# What are some GREAT mecha manga titles, in terms of illustration?



## TetraVaal (Apr 9, 2012)

I've always been a huge anime buff, as well as a pretty big manga fan, but in my area, it's hard to obtain many physical copies of the latter. Anyway, I'm a huge mecha fan, own lots of mecha anime titles, but I'm in the mood to find some very good mecha manga when it comes to the illustration department. I'm taling art quality that's on par with the likes of Tsutomu Nihei, who is currently working on a 'Gundam' manga, but who knows when that will be out. 

I mean, there's gotta be at least ONE mecha manga out there that has art quality that's on par with stuff like 'Berserk', 'GANTZ', 'Blame!', etc, etc.

Doesn't matter if it's Gundam, Macross, Getter Robo, or any Go Nagai mecha work for that matter, I just want to find some HIGH QUALITY mecha manga to look at.


----------



## Forces (Apr 9, 2012)

TetraVaal said:


> I've always been a huge anime buff, as well as a pretty big manga fan, but in my area, it's hard to obtain many physical copies of the latter. Anyway, I'm a huge mecha fan, own lots of mecha anime titles, but I'm in the mood to find some very good mecha manga when it comes to the illustration department. I'm taling art quality that's on par with the likes of Tsutomu Nihei, who is currently working on a 'Gundam' manga, but who knows when that will be out.
> 
> *I mean, there's gotta be at least ONE mecha manga out there that has art quality that's on par with stuff like 'Berserk'*, 'GANTZ', 'Blame!', etc, etc.
> 
> Doesn't matter if it's Gundam, Macross, Getter Robo, or any Go Nagai mecha work for that matter, I just want to find some HIGH QUALITY mecha manga to look at.

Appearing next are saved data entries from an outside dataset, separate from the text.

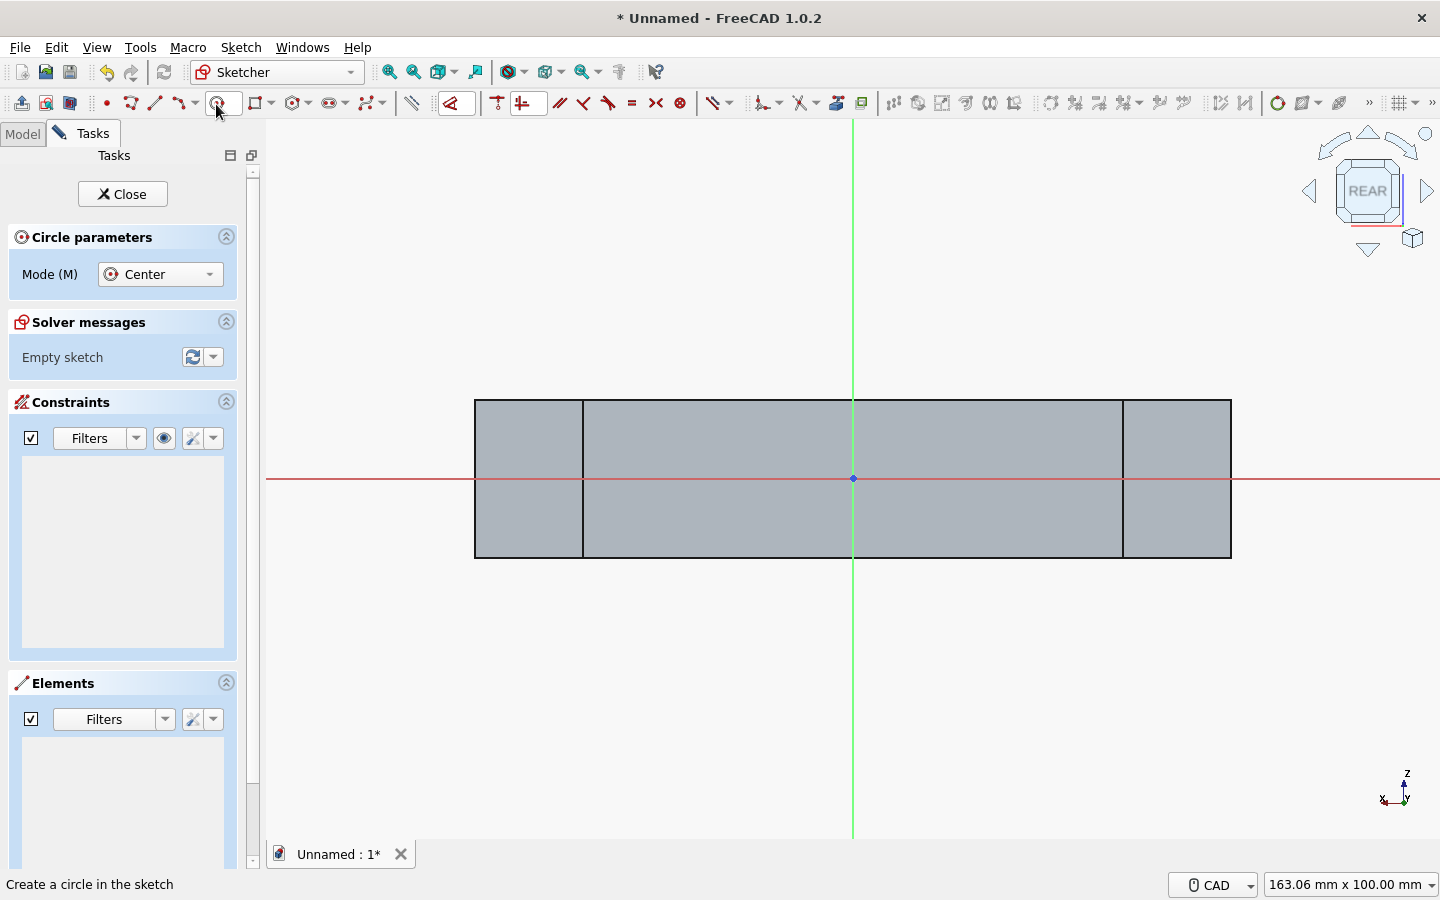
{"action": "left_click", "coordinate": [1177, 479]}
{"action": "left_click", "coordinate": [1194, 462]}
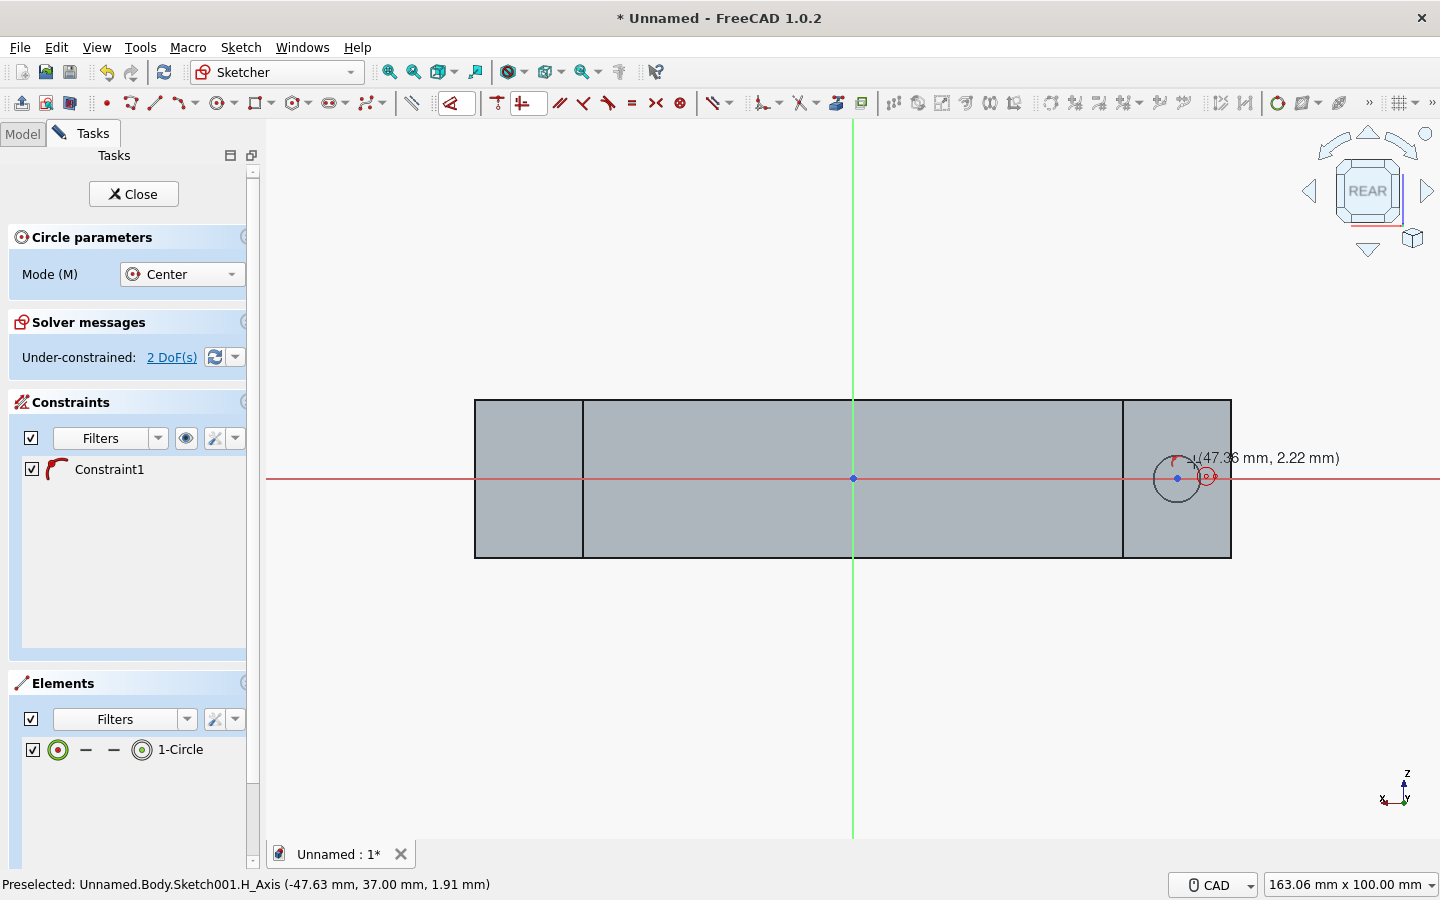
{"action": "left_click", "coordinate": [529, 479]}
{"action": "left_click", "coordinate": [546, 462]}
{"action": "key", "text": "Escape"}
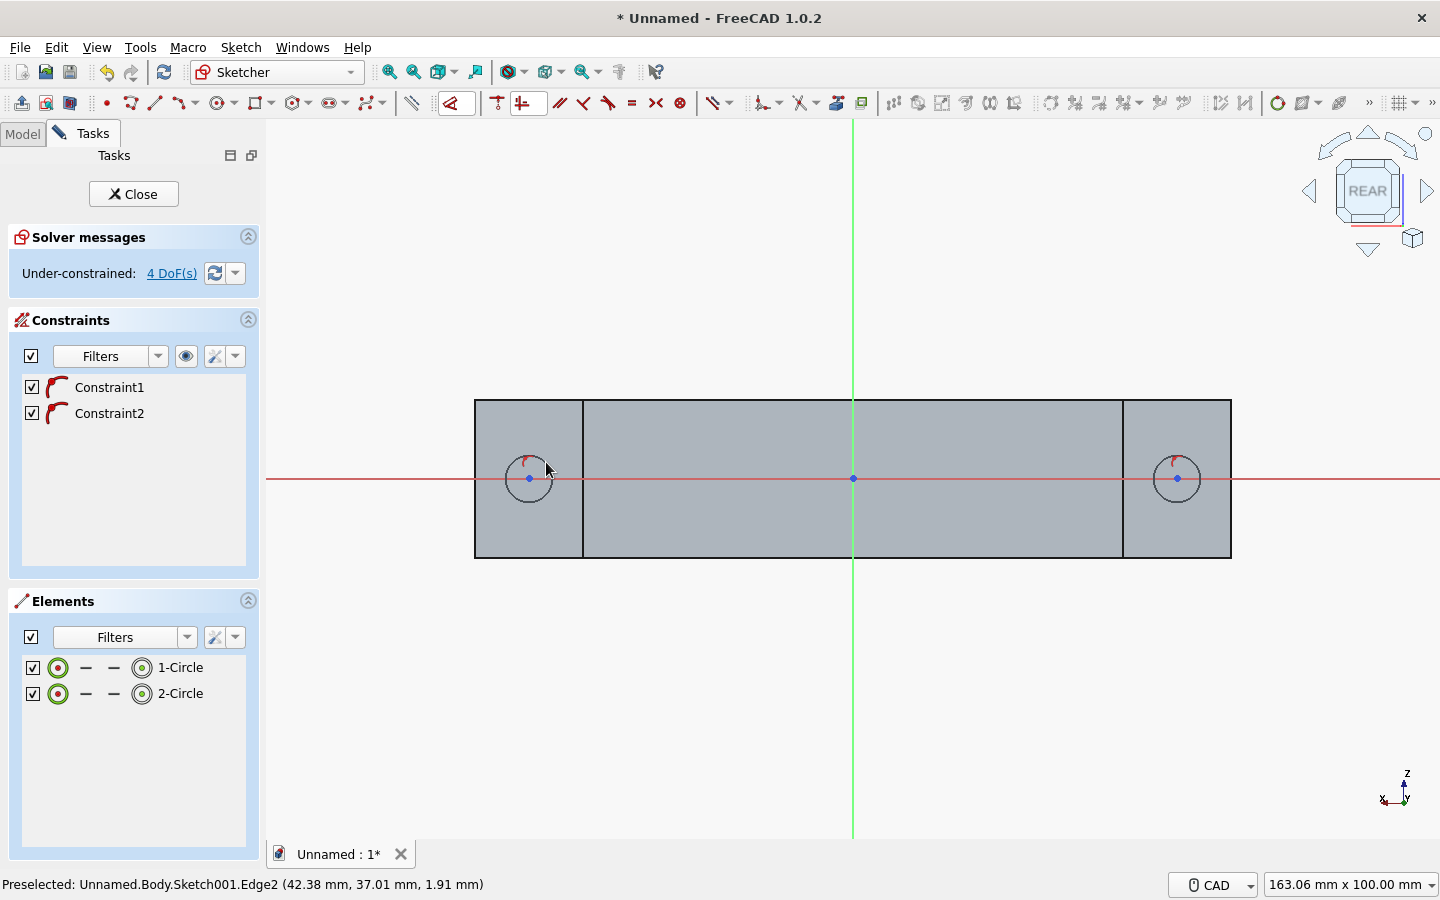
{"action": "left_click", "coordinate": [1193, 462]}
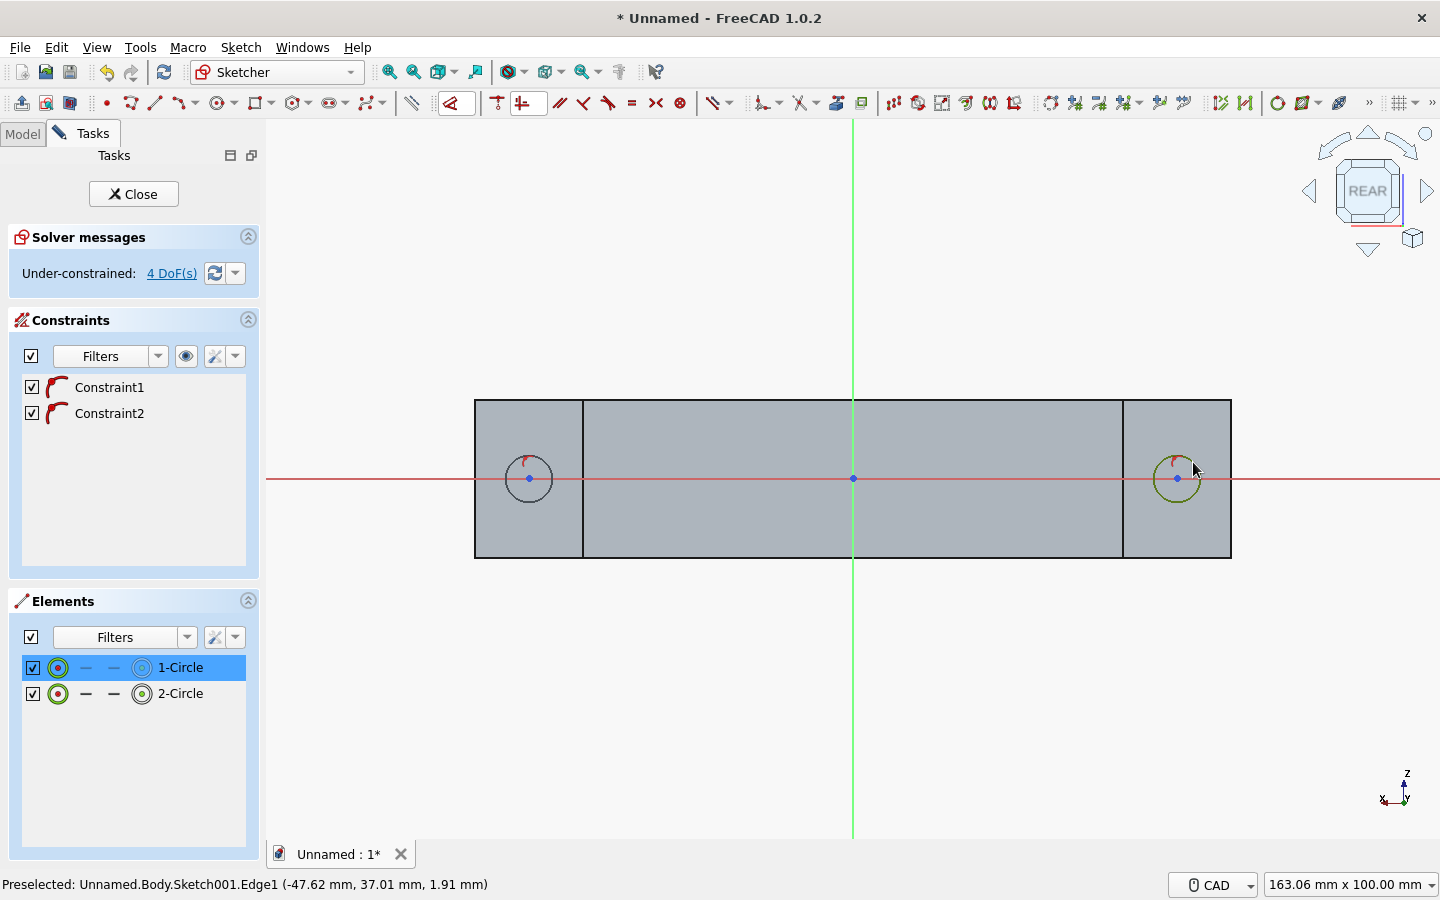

Lol no. And did you actually say Gantz is in the same par as Berserk?


----------



## TetraVaal (Apr 9, 2012)

SuperVegetto said:


> Lol no. And did you actually say Gantz is in the same par as Berserk?



I'm talking about illustration and art _EXCLUSIVELY_, maybe learn to read.

'GANTZ' is right up there in those departments.


----------



## Torpedo Titz (Apr 9, 2012)

SuperVegetto said:


> Lol no. And did you actually say Gantz is in the same par as Berserk?



Why are you such a moron?

No one is saying Gantz = Berserk. He's referring to _artwork_ that is in the same _ballpark_ as Gantz and Berserk.

And Gantz, IMO, has stunning artwork. Some of it is CGI-based, unlike Berserk which Kentaro Miura draws by himself, which gives Berserk the edge. However, they both have totally different styles; Berserk is much more detail reliant, whereas Gantz focuses on tone and shading etc.

*@OP:*
If you're really open minded about art style. And I mean _*really*_ open minded, then check Biomega. Classic post-Apocalypse (or maybe during Apocalypse...) dystopian, GITS-esque cyberpunk with heavy doses of tech, AI and Railguns. There's bikes, zombies and elements of mech, but it's nowhere near as populated by mech as Phase 3 Gantz or Gundam.

Neon Genesis Evangelion and Ghost in the Shell perhaps, but they aren't in the same pallpark as Gantz or Berserk. However, they're commonly perceived as classics within the genre.

I'm much more into Fantasy Seinen though, so take my words with salt.


----------



## Forces (Apr 9, 2012)

X Drake said:


> Why are you such a moron?
> 
> No one is saying Gantz = Berserk. He's referring to _artwork_ that is in the same _ballpark_ as Gantz and Berserk.
> 
> ...



Why are YOU such a moron? I know he is referring to the art style. See how the part I bolded clearly says

I mean, there's gotta be at least ONE mecha manga out there that has *art quality* that's on par with stuff like 'Berserk', 'GANTZ', 'Blame!', etc, etc.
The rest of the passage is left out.